(Material provided begins)
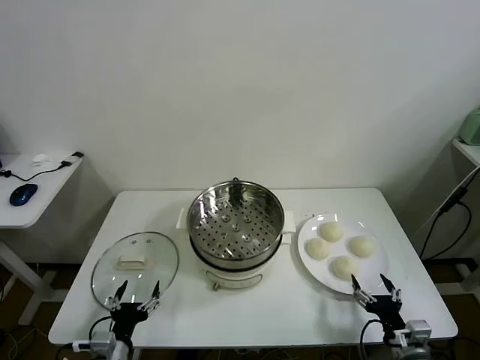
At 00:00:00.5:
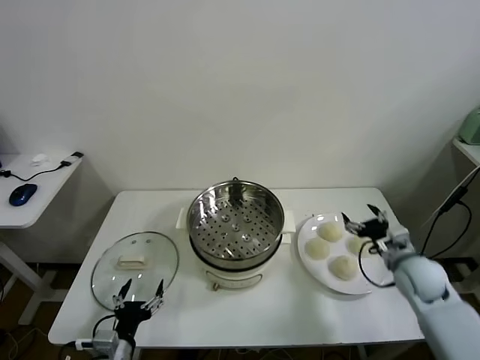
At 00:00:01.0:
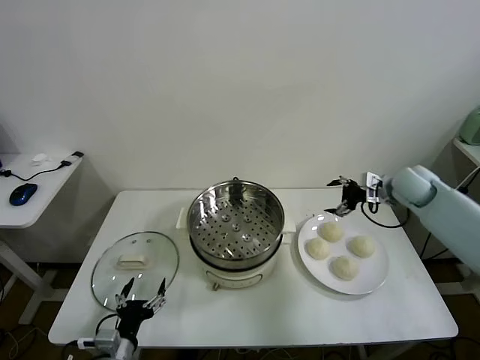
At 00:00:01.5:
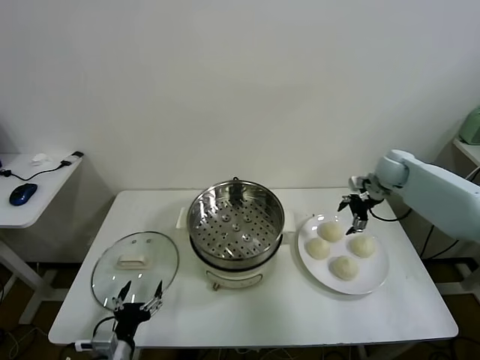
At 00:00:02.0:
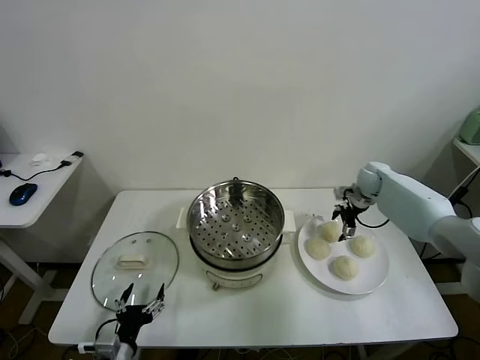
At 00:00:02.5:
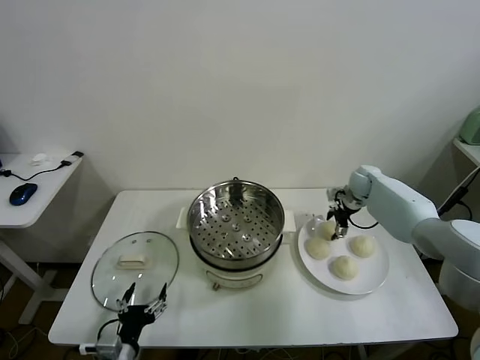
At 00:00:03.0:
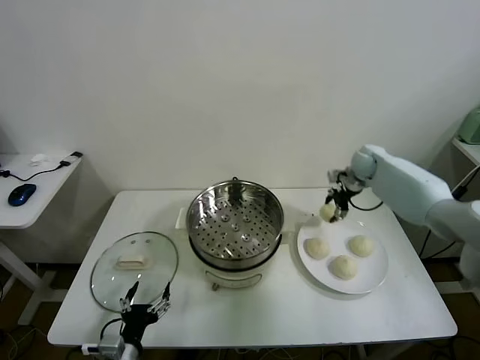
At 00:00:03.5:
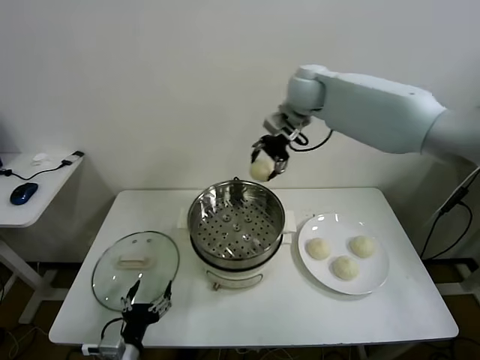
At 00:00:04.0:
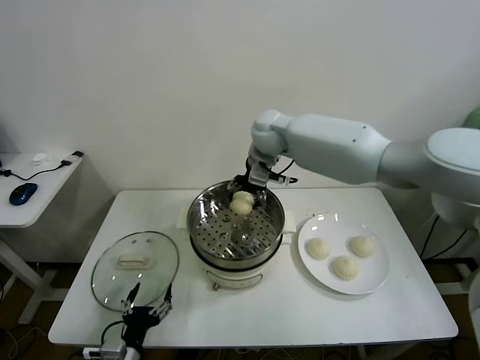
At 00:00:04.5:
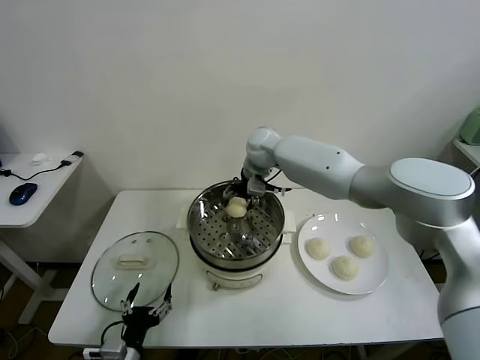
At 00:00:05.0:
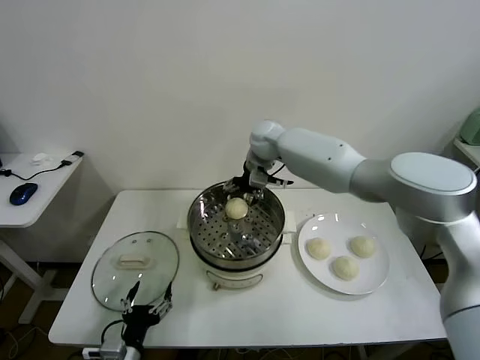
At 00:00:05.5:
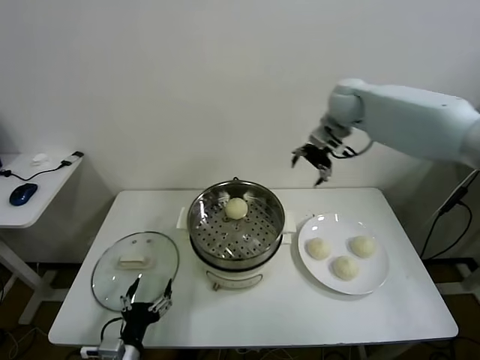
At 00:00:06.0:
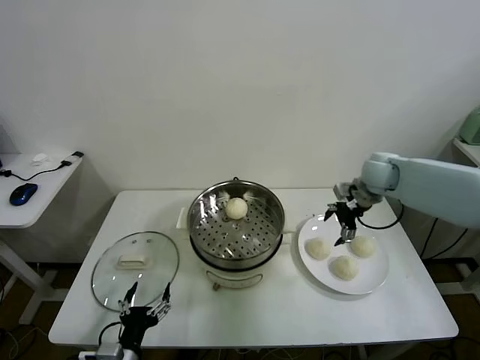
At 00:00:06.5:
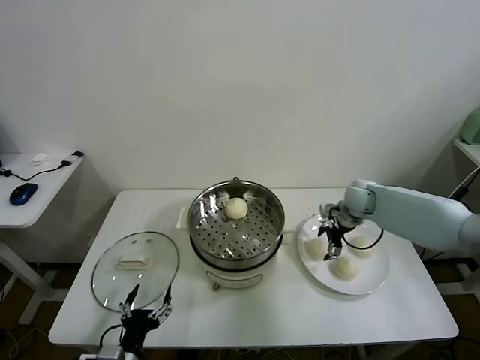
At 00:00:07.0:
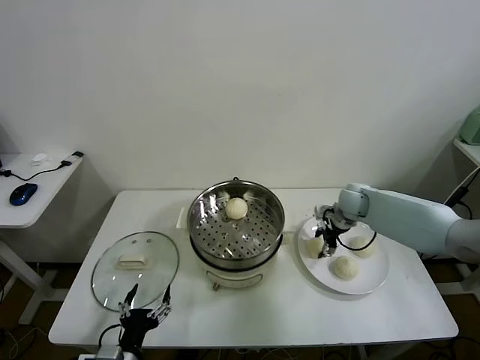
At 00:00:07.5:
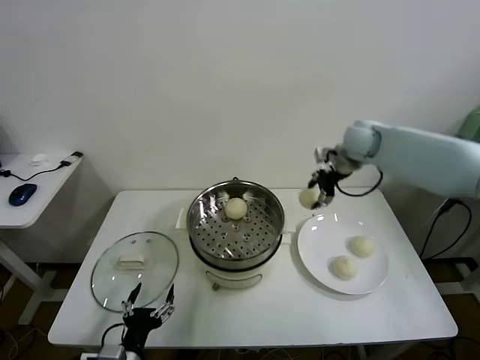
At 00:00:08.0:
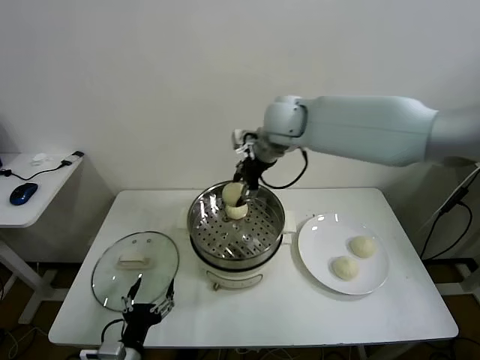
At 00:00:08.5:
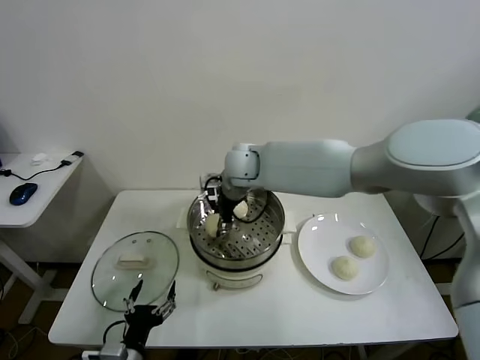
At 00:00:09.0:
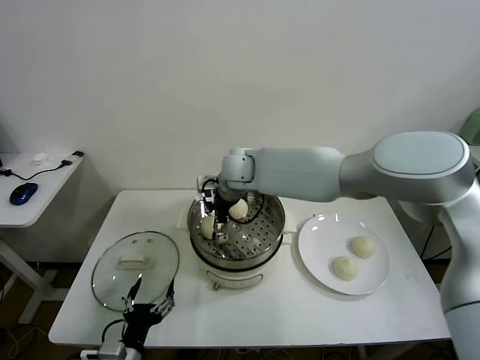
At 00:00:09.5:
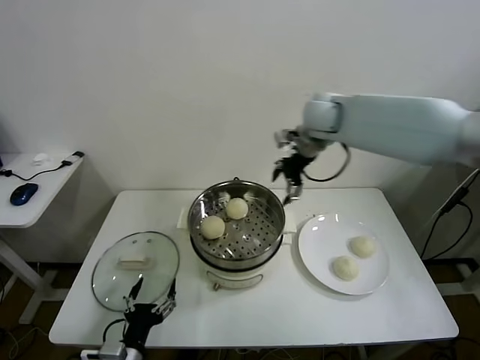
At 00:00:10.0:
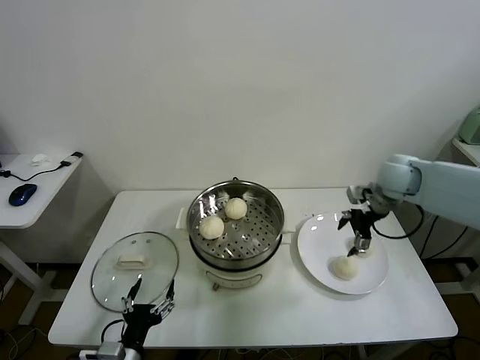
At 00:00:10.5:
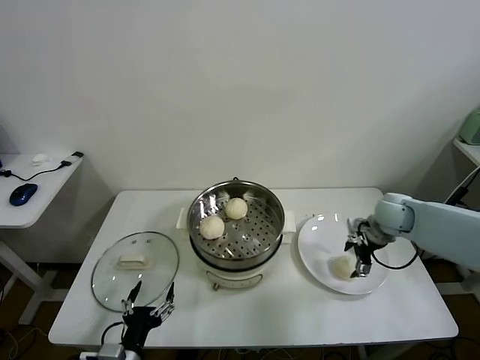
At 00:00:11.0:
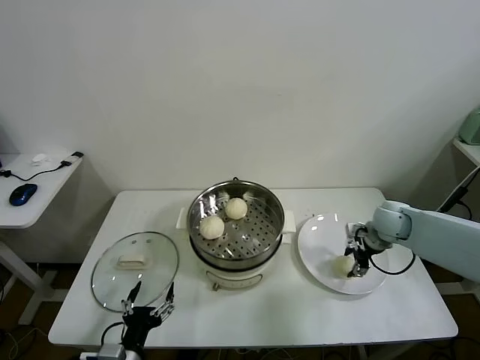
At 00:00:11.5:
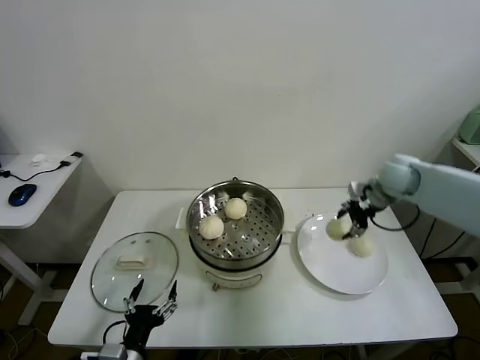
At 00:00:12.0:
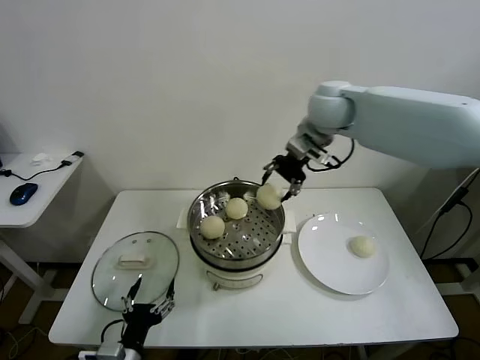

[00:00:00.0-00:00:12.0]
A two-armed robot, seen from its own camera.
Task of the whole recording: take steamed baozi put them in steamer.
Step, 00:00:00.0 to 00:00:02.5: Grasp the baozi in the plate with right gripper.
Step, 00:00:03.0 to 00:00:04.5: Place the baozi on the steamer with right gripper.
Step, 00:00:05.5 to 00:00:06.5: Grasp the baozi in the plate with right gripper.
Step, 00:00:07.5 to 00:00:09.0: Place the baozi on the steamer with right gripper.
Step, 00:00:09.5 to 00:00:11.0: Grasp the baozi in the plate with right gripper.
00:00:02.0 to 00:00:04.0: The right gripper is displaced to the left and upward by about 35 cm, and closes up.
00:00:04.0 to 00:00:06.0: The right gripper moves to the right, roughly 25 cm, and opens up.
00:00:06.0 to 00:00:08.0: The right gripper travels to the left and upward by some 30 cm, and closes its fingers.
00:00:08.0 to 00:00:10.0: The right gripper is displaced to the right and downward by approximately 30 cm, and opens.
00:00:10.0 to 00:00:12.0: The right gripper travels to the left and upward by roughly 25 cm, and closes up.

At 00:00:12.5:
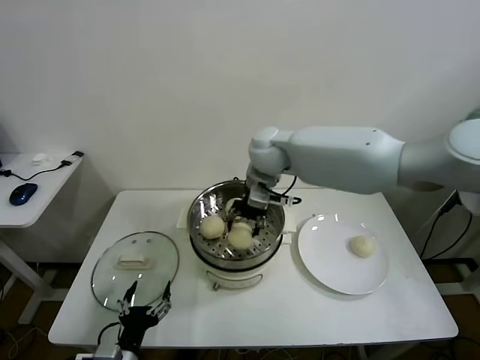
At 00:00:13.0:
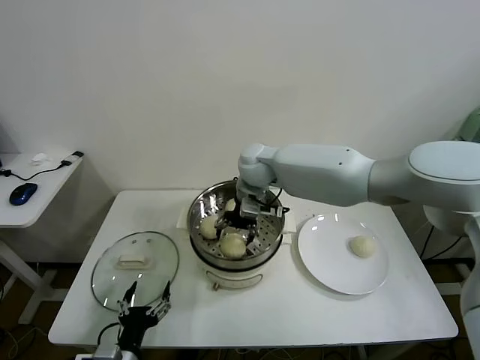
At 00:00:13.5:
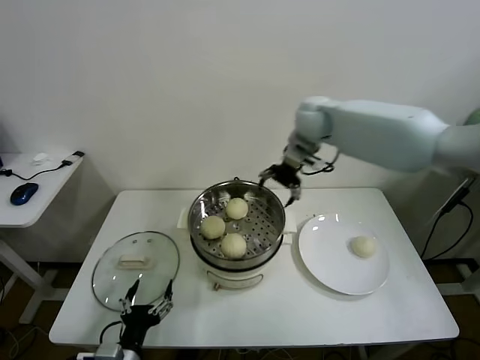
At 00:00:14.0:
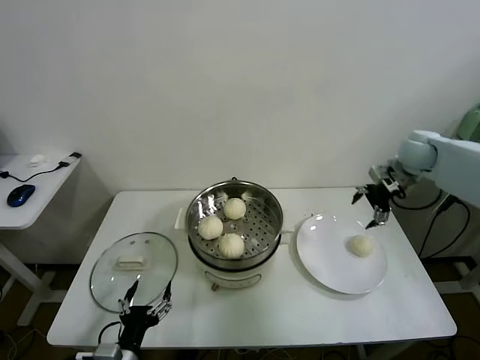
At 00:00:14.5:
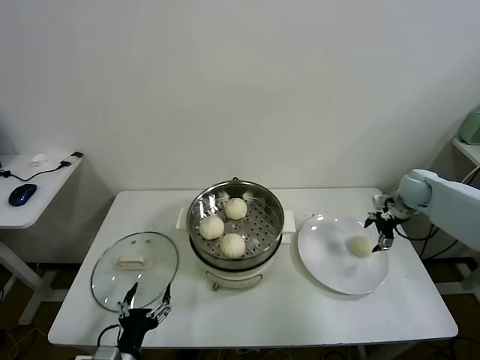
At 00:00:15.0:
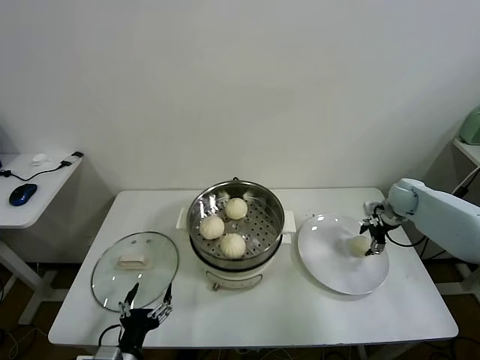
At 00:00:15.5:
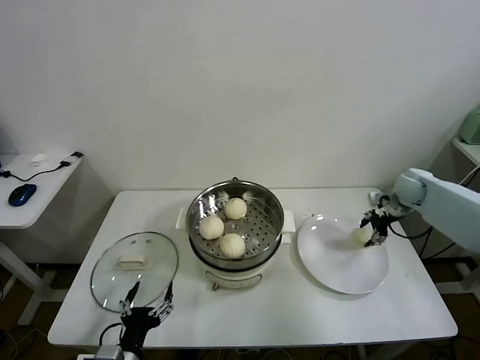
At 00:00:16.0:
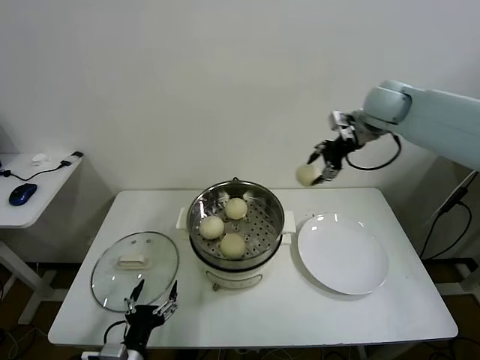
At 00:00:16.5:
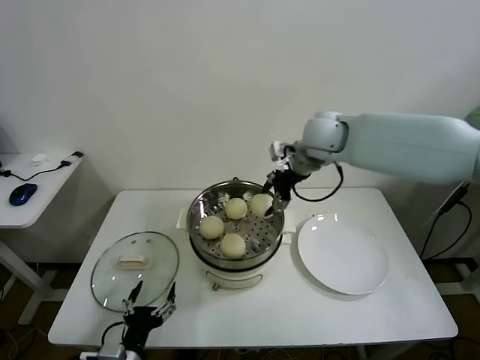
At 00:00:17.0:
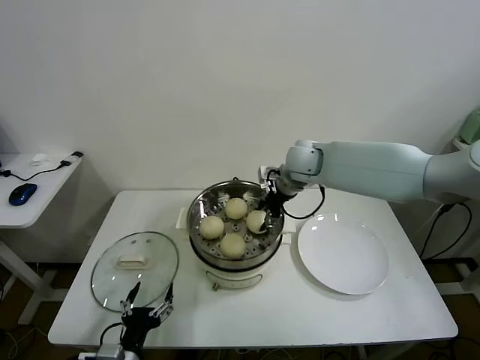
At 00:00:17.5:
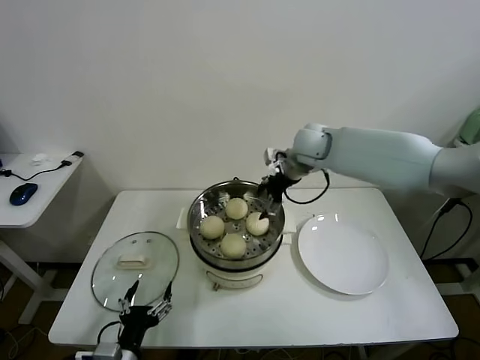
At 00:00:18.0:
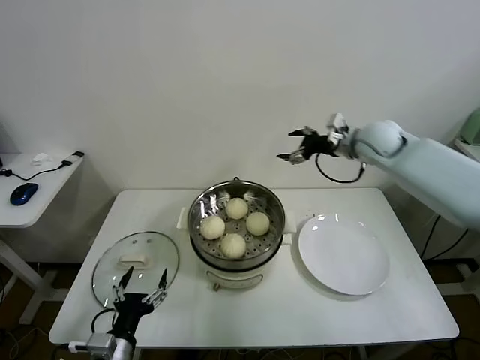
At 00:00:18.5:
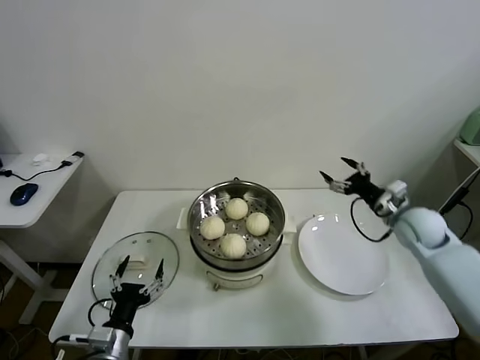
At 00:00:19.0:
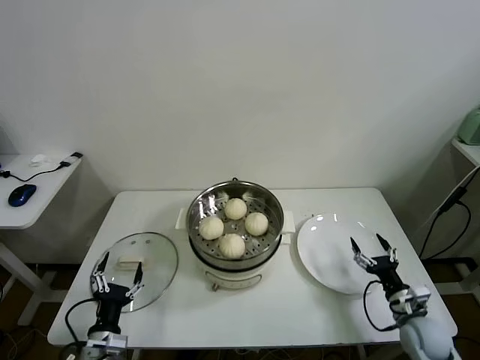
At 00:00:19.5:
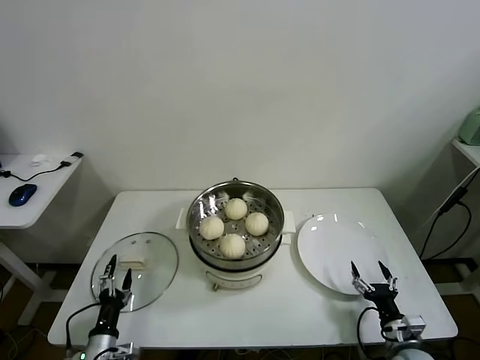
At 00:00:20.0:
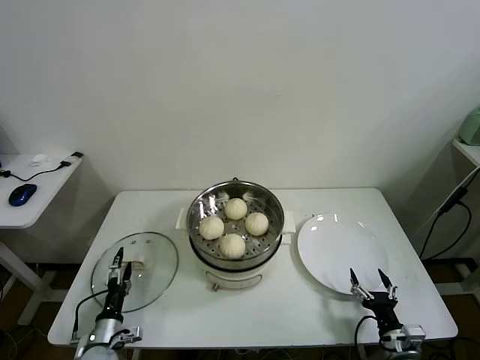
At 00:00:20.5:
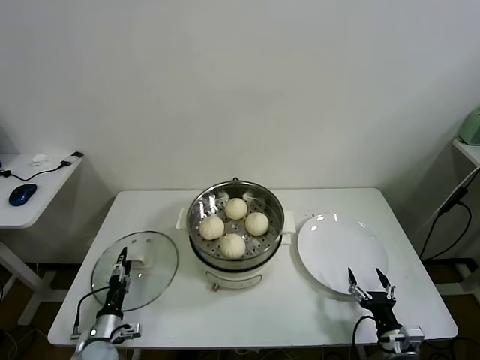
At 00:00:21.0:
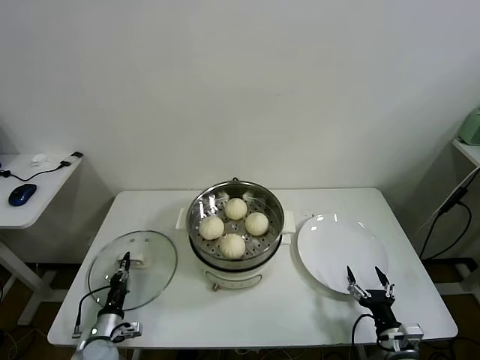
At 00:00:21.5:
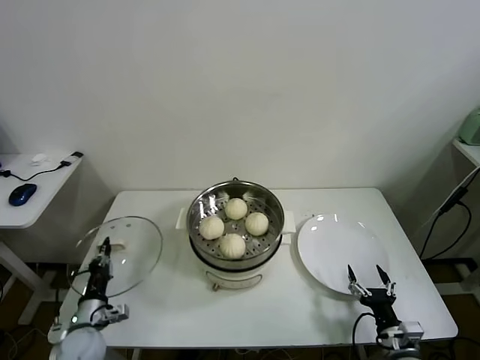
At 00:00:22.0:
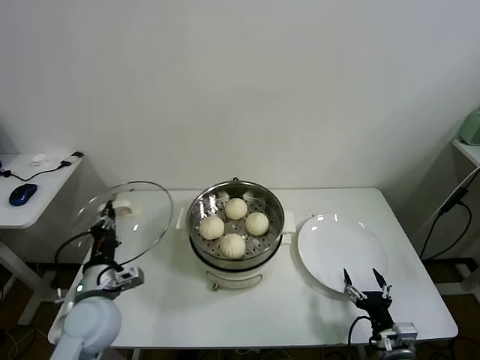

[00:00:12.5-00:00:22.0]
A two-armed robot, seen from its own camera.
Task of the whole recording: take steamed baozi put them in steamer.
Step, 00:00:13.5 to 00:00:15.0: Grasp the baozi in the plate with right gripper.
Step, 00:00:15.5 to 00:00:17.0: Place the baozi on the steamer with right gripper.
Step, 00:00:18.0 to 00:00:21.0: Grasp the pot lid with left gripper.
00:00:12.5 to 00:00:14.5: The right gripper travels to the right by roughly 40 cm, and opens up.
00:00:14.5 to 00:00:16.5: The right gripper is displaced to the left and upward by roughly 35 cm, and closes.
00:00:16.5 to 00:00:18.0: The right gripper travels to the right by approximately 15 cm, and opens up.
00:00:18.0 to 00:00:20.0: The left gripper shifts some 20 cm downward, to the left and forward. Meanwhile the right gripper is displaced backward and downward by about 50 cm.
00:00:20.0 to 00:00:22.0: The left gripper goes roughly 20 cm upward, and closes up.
(Material provided ends)
**Exercise prompt:**
Give back the listing word for word, minus its images.

**Task answer:**
At 00:00:00.5:
At 00:00:01.0:
At 00:00:01.5:
At 00:00:02.0:
At 00:00:02.5:
At 00:00:03.0:
At 00:00:03.5:
At 00:00:04.0:
At 00:00:04.5:
At 00:00:05.0:
At 00:00:05.5:
At 00:00:06.0:
At 00:00:06.5:
At 00:00:07.0:
At 00:00:07.5:
At 00:00:08.0:
At 00:00:08.5:
At 00:00:09.0:
At 00:00:09.5:
At 00:00:10.0:
At 00:00:10.5:
At 00:00:11.0:
At 00:00:11.5:
At 00:00:12.0:

[00:00:00.0-00:00:12.0]
A two-armed robot, seen from its own camera.
Task of the whole recording: take steamed baozi put them in steamer.
Step, 00:00:00.0 to 00:00:02.5: Grasp the baozi in the plate with right gripper.
Step, 00:00:03.0 to 00:00:04.5: Place the baozi on the steamer with right gripper.
Step, 00:00:05.5 to 00:00:06.5: Grasp the baozi in the plate with right gripper.
Step, 00:00:07.5 to 00:00:09.0: Place the baozi on the steamer with right gripper.
Step, 00:00:09.5 to 00:00:11.0: Grasp the baozi in the plate with right gripper.
00:00:02.0 to 00:00:04.0: The right gripper is displaced to the left and upward by about 35 cm, and closes up.
00:00:04.0 to 00:00:06.0: The right gripper moves to the right, roughly 25 cm, and opens up.
00:00:06.0 to 00:00:08.0: The right gripper travels to the left and upward by some 30 cm, and closes its fingers.
00:00:08.0 to 00:00:10.0: The right gripper is displaced to the right and downward by approximately 30 cm, and opens.
00:00:10.0 to 00:00:12.0: The right gripper travels to the left and upward by roughly 25 cm, and closes up.

At 00:00:12.5:
At 00:00:13.0:
At 00:00:13.5:
At 00:00:14.0:
At 00:00:14.5:
At 00:00:15.0:
At 00:00:15.5:
At 00:00:16.0:
At 00:00:16.5:
At 00:00:17.0:
At 00:00:17.5:
At 00:00:18.0:
At 00:00:18.5:
At 00:00:19.0:
At 00:00:19.5:
At 00:00:20.0:
At 00:00:20.5:
At 00:00:21.0:
At 00:00:21.5:
At 00:00:22.0:

[00:00:12.5-00:00:22.0]
A two-armed robot, seen from its own camera.
Task of the whole recording: take steamed baozi put them in steamer.
Step, 00:00:13.5 to 00:00:15.0: Grasp the baozi in the plate with right gripper.
Step, 00:00:15.5 to 00:00:17.0: Place the baozi on the steamer with right gripper.
Step, 00:00:18.0 to 00:00:21.0: Grasp the pot lid with left gripper.
00:00:12.5 to 00:00:14.5: The right gripper travels to the right by roughly 40 cm, and opens up.
00:00:14.5 to 00:00:16.5: The right gripper is displaced to the left and upward by roughly 35 cm, and closes.
00:00:16.5 to 00:00:18.0: The right gripper travels to the right by approximately 15 cm, and opens up.
00:00:18.0 to 00:00:20.0: The left gripper shifts some 20 cm downward, to the left and forward. Meanwhile the right gripper is displaced backward and downward by about 50 cm.
00:00:20.0 to 00:00:22.0: The left gripper goes roughly 20 cm upward, and closes up.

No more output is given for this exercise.